MACHINE NAME = WEB 2

Who is benefiting from trade liberalization in Rwanda? A gender perspective

The study, Who is Benefiting from Trade Liberalization in Rwanda? A Gender Perspective, attempts to assess the impacts of Rwanda's trade policies on women and examines their role the country's economy.

The report found that Rwanda has acknowledged the importance of gender equality and women's empowerment as tools for development and has made remarkable advances in furthering the status of women and girls - especially in education and political participation.

However, women's ability to fully benefit from the country's recent economic expansion remains impinged by factors such as gender-based cultural norms and women's limited access to economic assets and resources.

By looking at the direct effects of exports on women's employment structure as well as the effects of imports on women's consumption patterns and government spending ("revenue effect"), UNCTAD's analysis shows that men and women are not benefitting equally in the gains from trade.

The study finds that women are crowded into subsistence-oriented staple agriculture and tend to be segregated into less-dynamic, contracting sectors of the economy - by and large those that are informal and non-tradable. On the one hand this means they remain relatively insulated from the potential threats of trade, including food-price fluctuations, but on the other from its direct benefits.

The Rwanda case study underlines the need for policies that correlate more tightly the creation of jobs for women with the economic and trade performance of the country.

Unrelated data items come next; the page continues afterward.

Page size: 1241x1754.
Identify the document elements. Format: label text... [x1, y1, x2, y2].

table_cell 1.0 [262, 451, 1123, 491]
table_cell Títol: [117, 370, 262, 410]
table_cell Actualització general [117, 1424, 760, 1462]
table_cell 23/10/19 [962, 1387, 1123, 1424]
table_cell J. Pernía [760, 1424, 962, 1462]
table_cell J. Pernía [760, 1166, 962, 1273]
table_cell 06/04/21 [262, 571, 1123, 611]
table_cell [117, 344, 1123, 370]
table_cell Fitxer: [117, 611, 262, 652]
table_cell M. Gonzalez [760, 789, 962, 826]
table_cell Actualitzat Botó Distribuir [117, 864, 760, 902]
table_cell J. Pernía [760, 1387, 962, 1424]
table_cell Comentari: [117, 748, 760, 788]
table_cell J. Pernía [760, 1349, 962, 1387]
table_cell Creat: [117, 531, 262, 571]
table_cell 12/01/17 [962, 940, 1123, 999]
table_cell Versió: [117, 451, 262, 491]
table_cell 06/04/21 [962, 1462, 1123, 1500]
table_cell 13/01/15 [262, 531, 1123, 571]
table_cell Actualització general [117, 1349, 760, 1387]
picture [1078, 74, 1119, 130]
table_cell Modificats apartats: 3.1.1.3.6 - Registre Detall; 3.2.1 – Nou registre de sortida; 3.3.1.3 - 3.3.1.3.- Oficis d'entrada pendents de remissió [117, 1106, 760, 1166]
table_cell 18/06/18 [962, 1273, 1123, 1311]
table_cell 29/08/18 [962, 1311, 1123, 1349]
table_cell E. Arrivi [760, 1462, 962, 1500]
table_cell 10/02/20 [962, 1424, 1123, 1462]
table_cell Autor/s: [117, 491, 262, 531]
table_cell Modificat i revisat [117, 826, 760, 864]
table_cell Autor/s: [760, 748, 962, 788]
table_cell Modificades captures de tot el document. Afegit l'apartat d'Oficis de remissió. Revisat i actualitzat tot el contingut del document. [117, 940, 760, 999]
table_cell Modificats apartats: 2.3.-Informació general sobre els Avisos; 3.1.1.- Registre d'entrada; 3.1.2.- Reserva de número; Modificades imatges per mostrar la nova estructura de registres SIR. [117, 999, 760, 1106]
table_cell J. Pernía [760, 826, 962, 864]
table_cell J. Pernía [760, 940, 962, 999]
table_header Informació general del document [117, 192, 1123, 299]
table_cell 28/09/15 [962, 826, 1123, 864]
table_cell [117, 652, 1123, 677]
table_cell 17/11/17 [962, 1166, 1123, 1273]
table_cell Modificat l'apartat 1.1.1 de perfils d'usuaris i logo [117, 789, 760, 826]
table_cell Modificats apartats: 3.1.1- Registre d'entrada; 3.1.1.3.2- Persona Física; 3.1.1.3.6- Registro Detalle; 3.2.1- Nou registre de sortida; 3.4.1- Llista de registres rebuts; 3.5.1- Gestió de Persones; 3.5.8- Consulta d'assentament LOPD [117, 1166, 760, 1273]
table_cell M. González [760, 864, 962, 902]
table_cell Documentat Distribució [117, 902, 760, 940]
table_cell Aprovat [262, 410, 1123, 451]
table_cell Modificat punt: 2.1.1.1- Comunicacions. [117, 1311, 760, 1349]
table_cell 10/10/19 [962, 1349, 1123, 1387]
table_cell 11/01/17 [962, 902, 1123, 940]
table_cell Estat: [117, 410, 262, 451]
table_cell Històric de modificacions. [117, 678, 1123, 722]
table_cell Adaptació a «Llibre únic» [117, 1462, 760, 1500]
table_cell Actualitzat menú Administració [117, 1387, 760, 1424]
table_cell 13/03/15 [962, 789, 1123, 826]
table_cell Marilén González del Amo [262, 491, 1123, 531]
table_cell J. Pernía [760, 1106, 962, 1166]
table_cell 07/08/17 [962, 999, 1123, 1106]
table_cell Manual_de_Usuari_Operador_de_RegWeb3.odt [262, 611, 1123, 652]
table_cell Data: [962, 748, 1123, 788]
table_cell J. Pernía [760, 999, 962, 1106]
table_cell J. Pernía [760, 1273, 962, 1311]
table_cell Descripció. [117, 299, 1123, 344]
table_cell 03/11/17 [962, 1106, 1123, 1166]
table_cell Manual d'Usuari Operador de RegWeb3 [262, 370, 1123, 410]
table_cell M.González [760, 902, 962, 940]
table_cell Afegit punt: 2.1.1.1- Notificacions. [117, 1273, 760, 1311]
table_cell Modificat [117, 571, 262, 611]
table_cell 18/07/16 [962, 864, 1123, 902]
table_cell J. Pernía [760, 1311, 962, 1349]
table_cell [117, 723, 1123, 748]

It points to issues that may negatively impact women if they are not taken into account, specifically:

  • the intensification of export-oriented agricultural segments, particularly export cash crops such as tea and coffee, may mainly favour commercially-oriented farmers and crowd out small and marginal farmers - who tend to be women;

  • the modernization of the domestic-oriented staple food production may hamper women's ability to integrate efficiently into upgraded supply chains if constraints on them, in terms of their capabilities and access to productive resources, are not addressed.

However, Rwandan women may well benefit from the country's trade and economic expansion, the study found. So that they might, the study explores a set of policy measures that the government of Rwanda may wish to consider in order to stimulate those sectors in which women are typically concentrated, as well as to increase women's participation in expanding and commercially-oriented sectors of the economy.